If we choose \({\hat{d}}^{(k)}\in (I+\lambda Q)^{-1}\big ({x}^{(k)}-\lambda f({x}^{(k)})\big )\), we have \({x}^{(k)}-\lambda f({x}^{(k)})\in {\hat{d}}^{(k)}+\lambda Q({\hat{d}}^{(k)})\) and

$$\begin{aligned} {\hat{y}}^{(k)}:=\big (\frac{1}{\lambda }({x}^{(k)}-{\hat{d}}^{(k)}),{x}^{(k)}-{\hat{d}}^{(k)}\big )\in G({x}^{(k)},{\hat{d}}^{(k)})\end{aligned}$$
(5.3)

follows. In order to show that this approach is feasible as an approximation step, we have to verify that a bound of the form (4.2) holds, at least for \({x}^{(k)}\) close to \(\bar{x}\).

Proposition 5.1

Let \(\bar{x}\) be a solution of (1.1) and assume that there is some \(\lambda >0\) such that the resolvent \((I+\lambda Q)^{-1}\) has a single-valued Lipschitz continuous localization S around \(\bar{x}-\lambda f(\bar{x})\) for \(\bar{x}\), i.e., there are neighborhoods V of \(\bar{x}-\lambda f(\bar{x})\) and U of \(\bar{x}\) such that \(S:V\rightarrow U\) is Lipschitz continuous and \((I+\lambda Q)^{-1}(z)\cap U =\{S(z)\}\) for \(z\in V\). Then there is some \(\delta >0\) and some \(\eta >0\) such that for every \(x\in {\mathscr{B}}_\delta (\bar{x})\) there holds \(x-\lambda f(x)\in V\) and the vectors \(\hat{d}:=S(x-\lambda f(x))\), \(\hat{y}:=(\frac{1}{\lambda }(x-\hat{d}), x-\hat{d})\in \mathrm {gph}\,G(x,\hat{d})\) satisfy the estimate

$$\begin{aligned}\Vert \big ((x,\hat{d}), \hat{y}\big )-\big ((\bar{x},\bar{x}),0\big )\Vert \le \eta \Vert x-\bar{x}\Vert .\end{aligned}$$

Proof

Choose \(\delta >0\) such that \({\mathscr{B}}_\delta (\bar{x})\subseteq (I-\lambda f)^{-1}(V)\) and let \(L_f, L_S>0\) denote the moduli of Lipschitz continuity of f on \({\mathscr{B}}_\delta (\bar{x})\) and of S on V, respectively. Consider \(x\in {\mathscr{B}}_\delta (\bar{x})\). Then, by construction, \(x-\lambda f(x)\in V\) and hence \(\hat{d}:=S(x-\lambda f(x))\) is well defined.

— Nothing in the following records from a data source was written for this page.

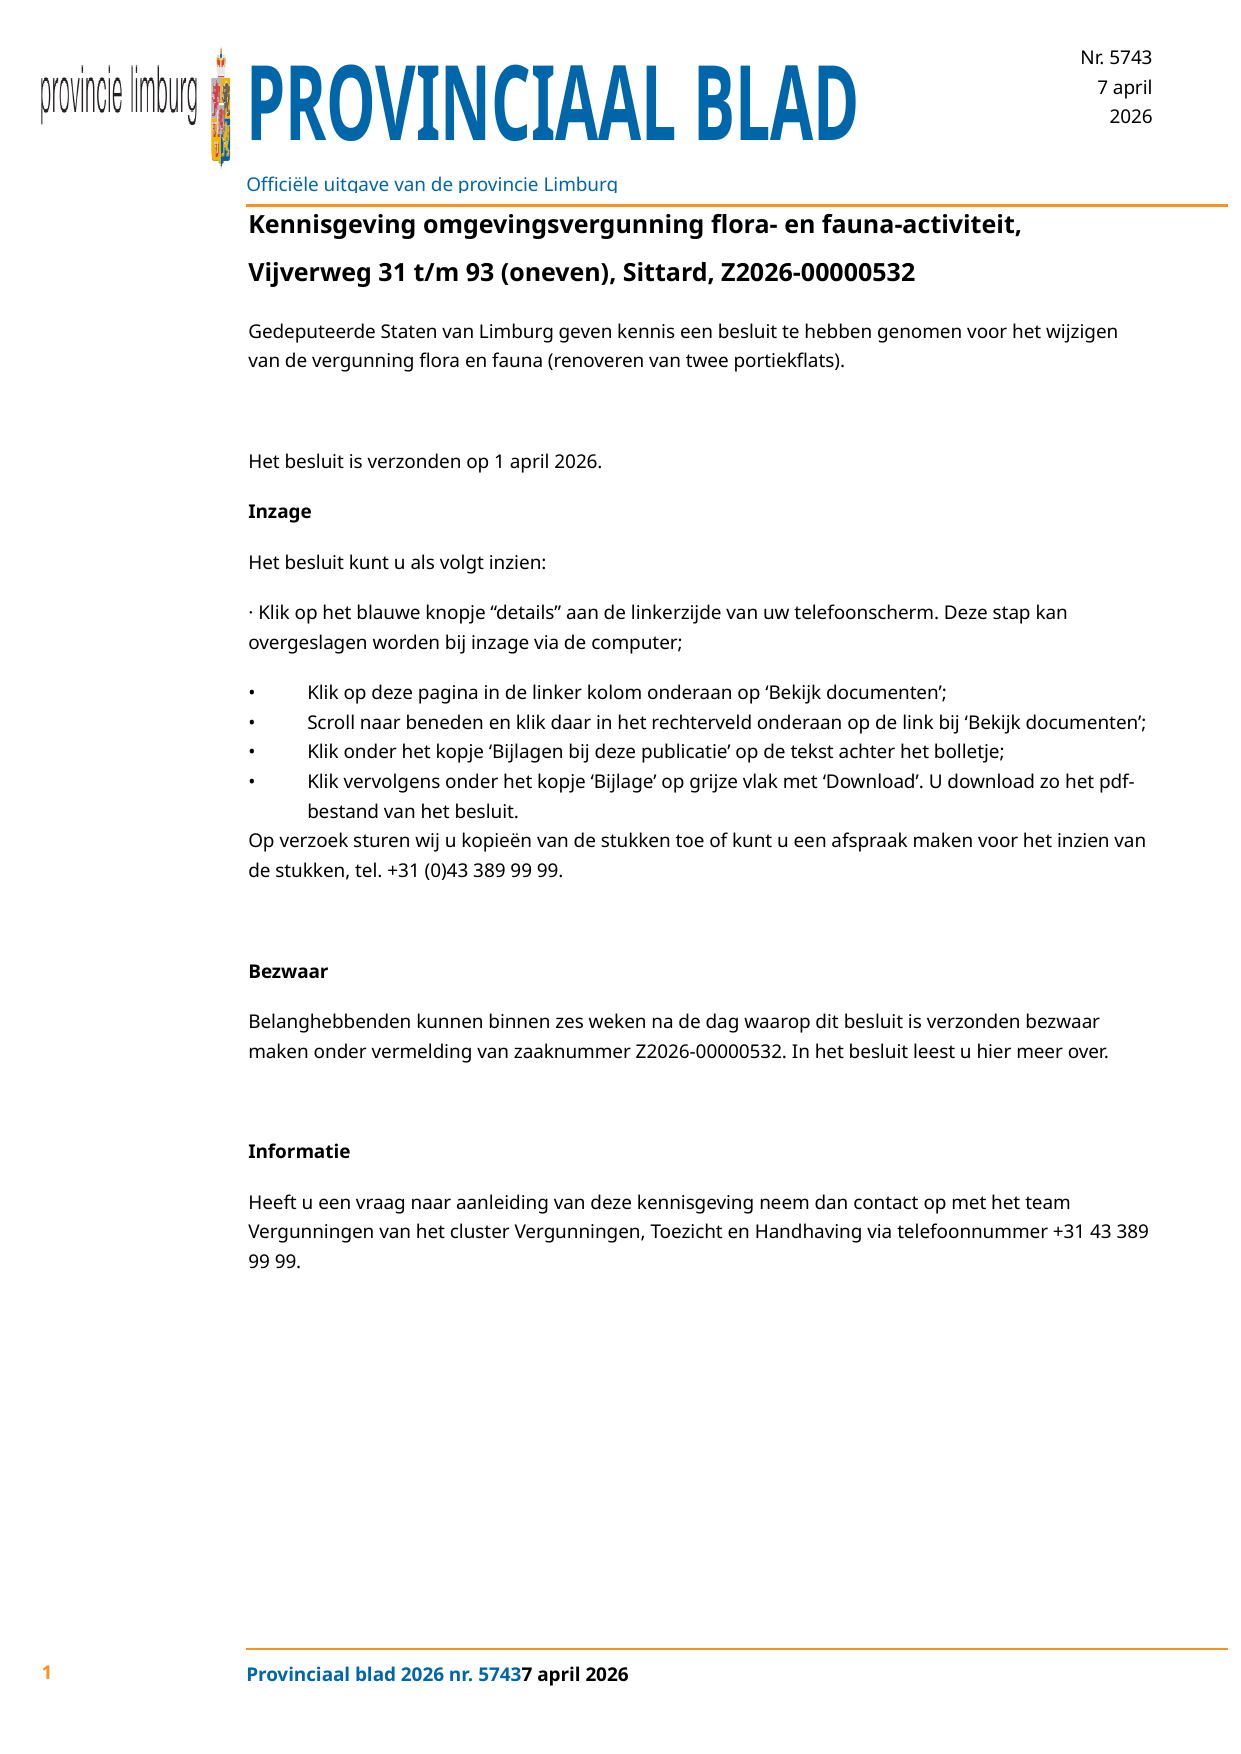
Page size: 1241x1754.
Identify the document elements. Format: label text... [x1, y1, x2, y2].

text Informatie [248, 1139, 1152, 1164]
text Gedeputeerde Staten van Limburg geven kennis een besluit te hebben genomen voor het wijzigen van de vergunning flora en fauna (renoveren van twee portiekflats). [248, 318, 1152, 373]
text · Klik op het blauwe knopje “details” aan de linkerzijde van uw telefoonscherm. Deze stap kan overgeslagen worden bij inzage via de computer; [248, 599, 1152, 655]
text Op verzoek sturen wij u kopieën van de stukken toe of kunt u een afspraak maken voor het inzien van de stukken, tel. +31 (0)43 389 99 99. [248, 827, 1152, 883]
text Het besluit kunt u als volgt inzien: [248, 549, 1152, 575]
list Klik op deze pagina in de linker kolom onderaan op ‘Bekijk documenten’; [248, 679, 1152, 705]
list Scroll naar beneden en klik daar in het rechterveld onderaan op de link bij ‘Bekijk documenten’; [248, 709, 1152, 735]
text Het besluit is verzonden op 1 april 2026. [248, 448, 1152, 474]
text Inzage [248, 499, 1152, 524]
text Heeft u een vraag naar aanleiding van deze kennisgeving neem dan contact op met het team Vergunningen van het cluster Vergunningen, Toezicht en Handhaving via telefoonnummer +31 43 389 99 99. [248, 1189, 1152, 1274]
text Belanghebbenden kunnen binnen zes weken na de dag waarop dit besluit is verzonden bezwaar maken onder vermelding van zaaknummer Z2026-00000532. In het besluit leest u hier meer over. [248, 1008, 1152, 1064]
picture [41, 47, 231, 172]
text Bezwaar [248, 958, 1152, 984]
list Klik vervolgens onder het kopje ‘Bijlage’ op grijze vlak met ‘Download’. U download zo het pdf-bestand van het besluit. [248, 768, 1152, 824]
list Klik onder het kopje ‘Bijlagen bij deze publicatie’ op de tekst achter het bolletje; [248, 739, 1152, 764]
text Kennisgeving omgevingsvergunning flora- en fauna-activiteit, Vijverweg 31 t/m 93 (oneven), Sittard, Z2026-00000532 [248, 207, 1152, 288]

Further, by (5.2), we have \(\bar{x}=S(\bar{x}-\lambda f(\bar{x}))\) implying

$$\begin{aligned}\Vert \hat{d}-\bar{x}\Vert =\Vert S(x-\lambda f(x))-S(\bar{x}-\lambda f(\bar{x}))\Vert \le L_S\Vert x-\lambda f(x)-(\bar{x}-\lambda f(\bar{x}))\Vert \le L_S(1+\lambda L_f)\Vert x-\bar{x}\Vert .\end{aligned}$$

In addition we have \(x-\lambda f(x)\in \hat{d}+\lambda Q(\hat{d})\) and \(\hat{y}\in \mathrm {gph}\,G(x,\hat{d})\) follows. Since \(\Vert \hat{y}\Vert \le (1+1/\lambda )\Vert \hat{d}-x\Vert \le (1+1/\lambda )(\Vert \hat{d}-\bar{x}\Vert +\Vert x-\bar{x}\Vert )\), we obtain

$$\begin{aligned}\Vert \big ((x,\hat{d}), \hat{y}\big )-\big ((\bar{x},\bar{x}),0\big )\Vert&\le \Vert x-\bar{x}\Vert +\Vert \hat{d}-\bar{x}\Vert +\Vert \hat{y}\Vert \le (2+\frac{1}{\lambda })(\Vert x-\bar{x}\Vert +\Vert \hat{d}-\bar{x}\Vert )\\&\le (2+\frac{1}{\lambda })(1+L_S(1+\lambda L_f))\Vert x-\bar{x}\Vert \end{aligned}$$

and the assertion follows.

In particular, if Q is a maximal hypomonotone mapping, i.e., there exists some \(\gamma \ge 0\) such that \(\gamma I+Q\) is maximal monotone, then for every \(0<\lambda <1/\gamma\) the mapping \((I+\lambda Q)\) is strongly monotone and hence \((I+\lambda Q)^{-1}\) is a single-valued Lipschitz continuous function on \(\mathbb {R}^n\), cf. [32, Proposition 12.54]. However, hypomonotonicity is only a sufficient condition ensuring that \((I+\lambda Q)^{-1}\) has this property. In Sect. 6 we will encounter a non-hypomonotone mapping \(\tilde{Q}\), such that \((I+\lambda \tilde{Q})^{-1}\) is single-valued and Lipschitz continuous for every \(\lambda >0\).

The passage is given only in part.